Exercise instructions: Copy the data exactly, pictures aside.

Data below:
======
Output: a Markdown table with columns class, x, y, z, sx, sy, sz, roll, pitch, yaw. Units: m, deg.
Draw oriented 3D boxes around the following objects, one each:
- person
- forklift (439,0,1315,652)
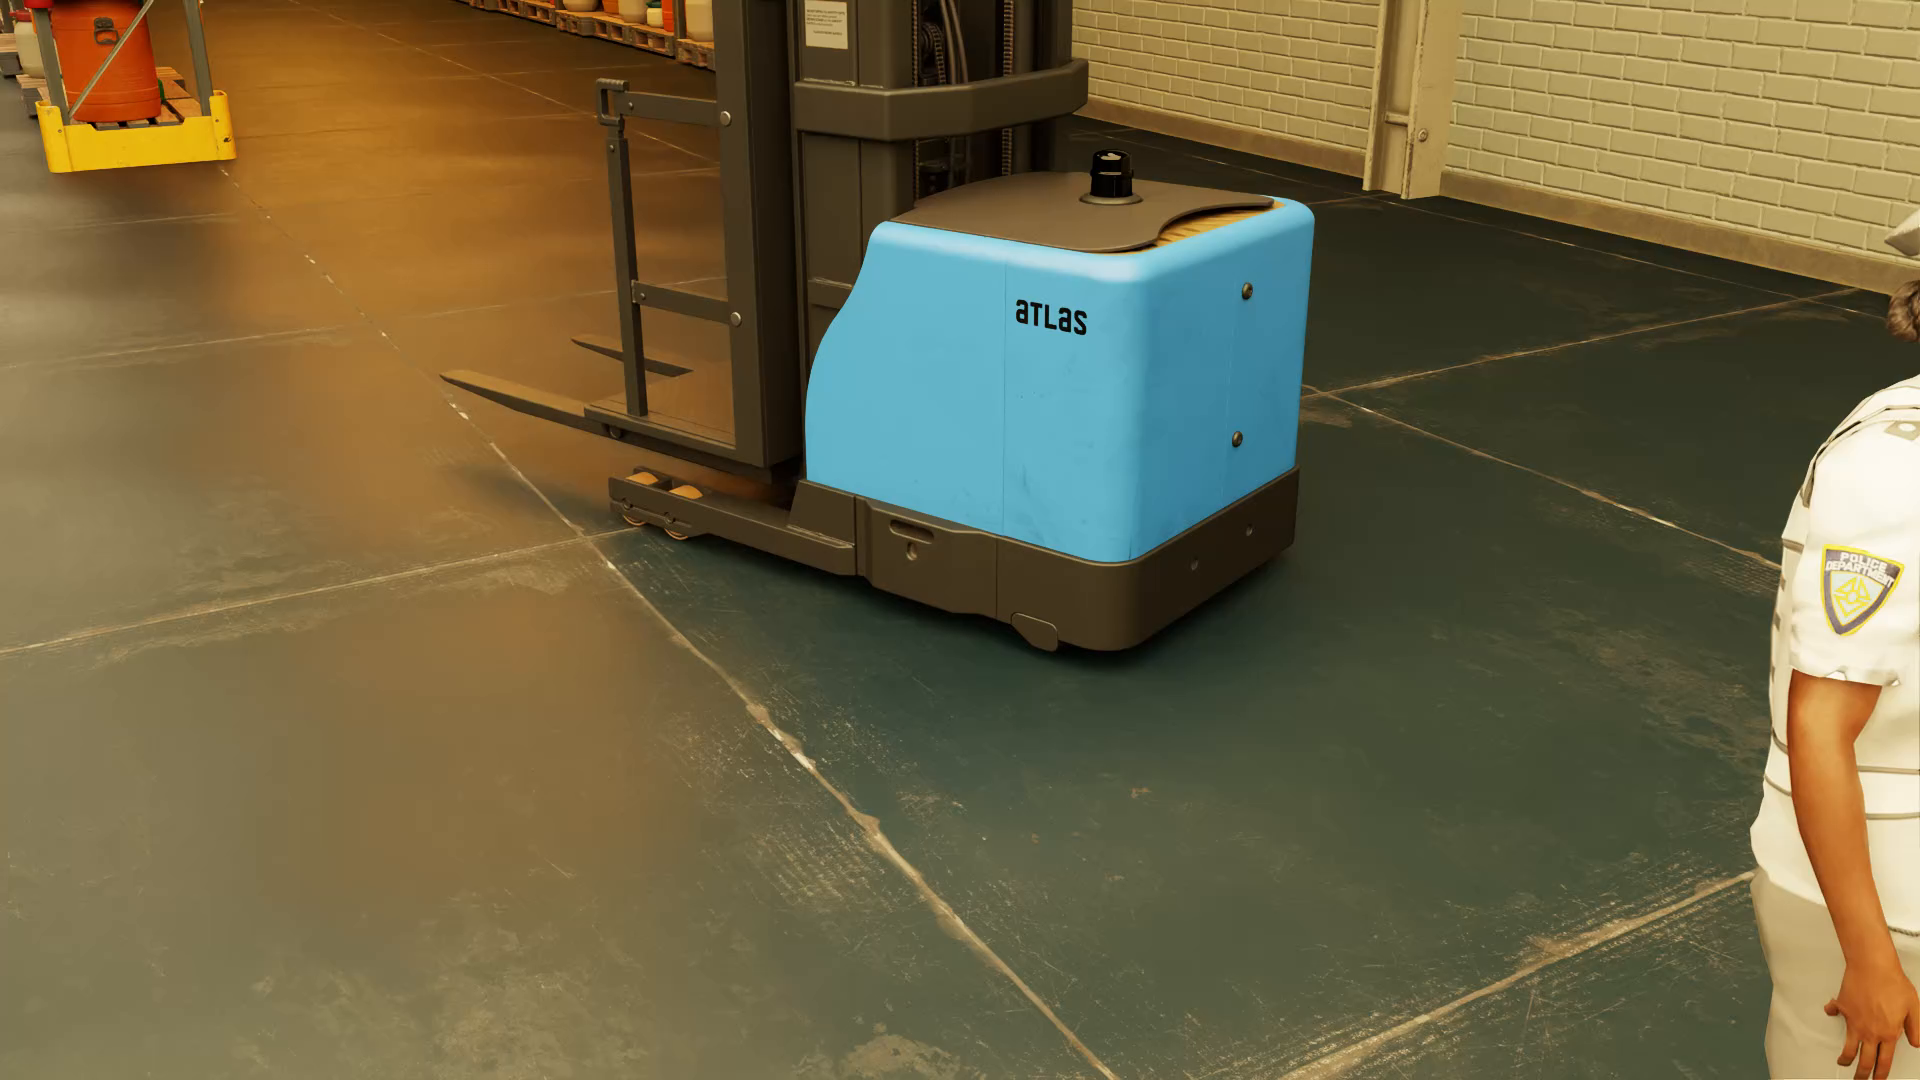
======
Result of the task:
Output: a Markdown table with columns class, x, y, z, sx, sy, sz, roll, pitch, yaw. Units: m, deg.
Draw oriented 3D boxes around the following objects, one each:
- person
- forklift (439,0,1315,652)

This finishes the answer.